*WORK TO BE COMPLETED*
From the listing below, select every line where the word "sqrt" appears.

*DATA TO EXAMINE*
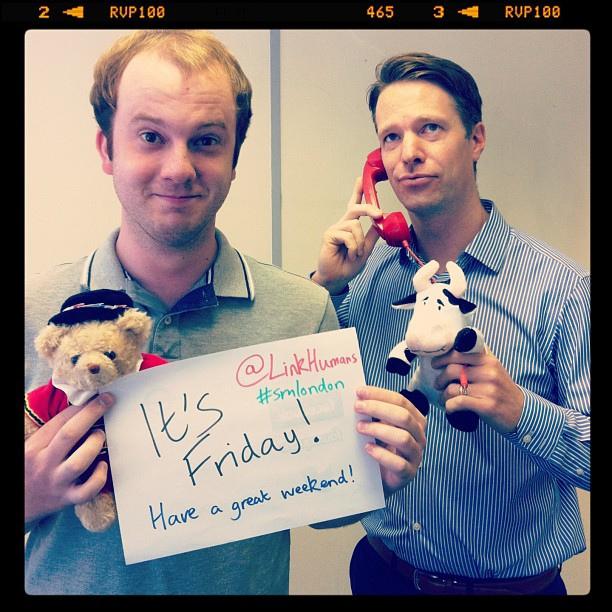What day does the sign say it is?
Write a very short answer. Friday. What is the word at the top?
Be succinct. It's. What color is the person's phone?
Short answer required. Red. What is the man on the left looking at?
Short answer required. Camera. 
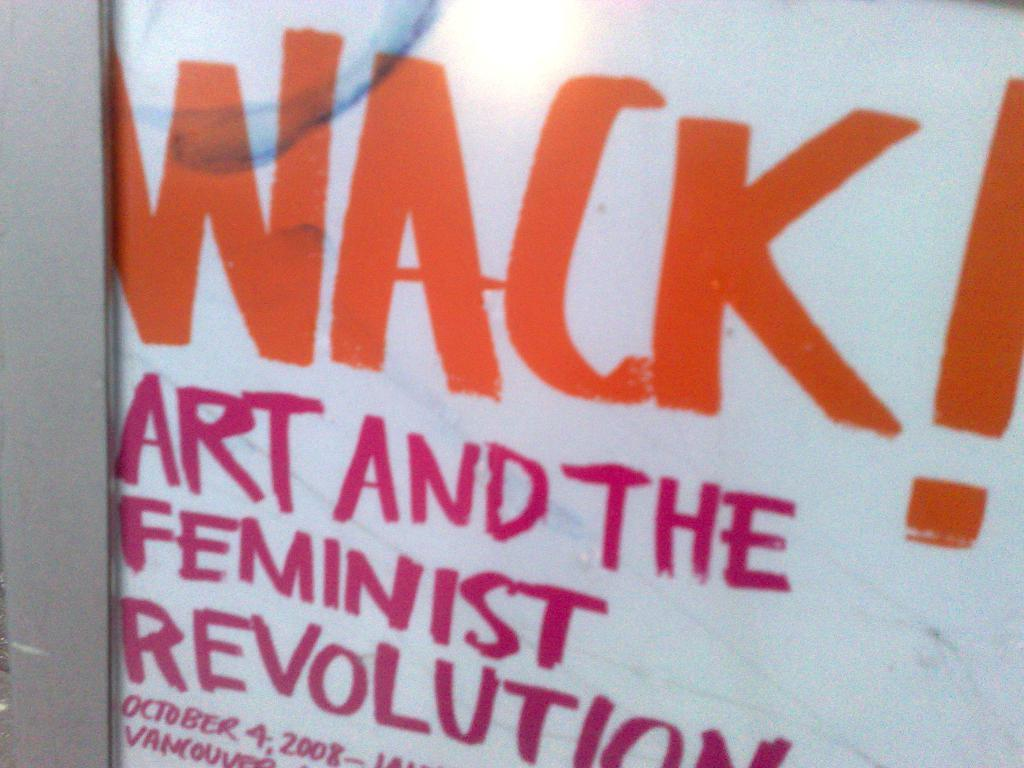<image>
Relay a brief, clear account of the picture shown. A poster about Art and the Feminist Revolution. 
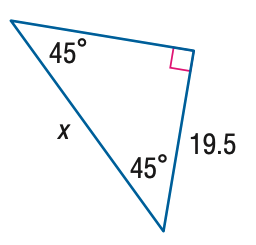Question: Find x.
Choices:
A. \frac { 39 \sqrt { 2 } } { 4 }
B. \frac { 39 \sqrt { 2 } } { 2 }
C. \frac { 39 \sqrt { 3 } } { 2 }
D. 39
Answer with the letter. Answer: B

*REPLY*
A. \frac { 39 \sqrt { 2 } } { 4 }
B. \frac { 39 \sqrt { 2 } } { 2 }
C. \frac { 39 \sqrt { 3 } } { 2 }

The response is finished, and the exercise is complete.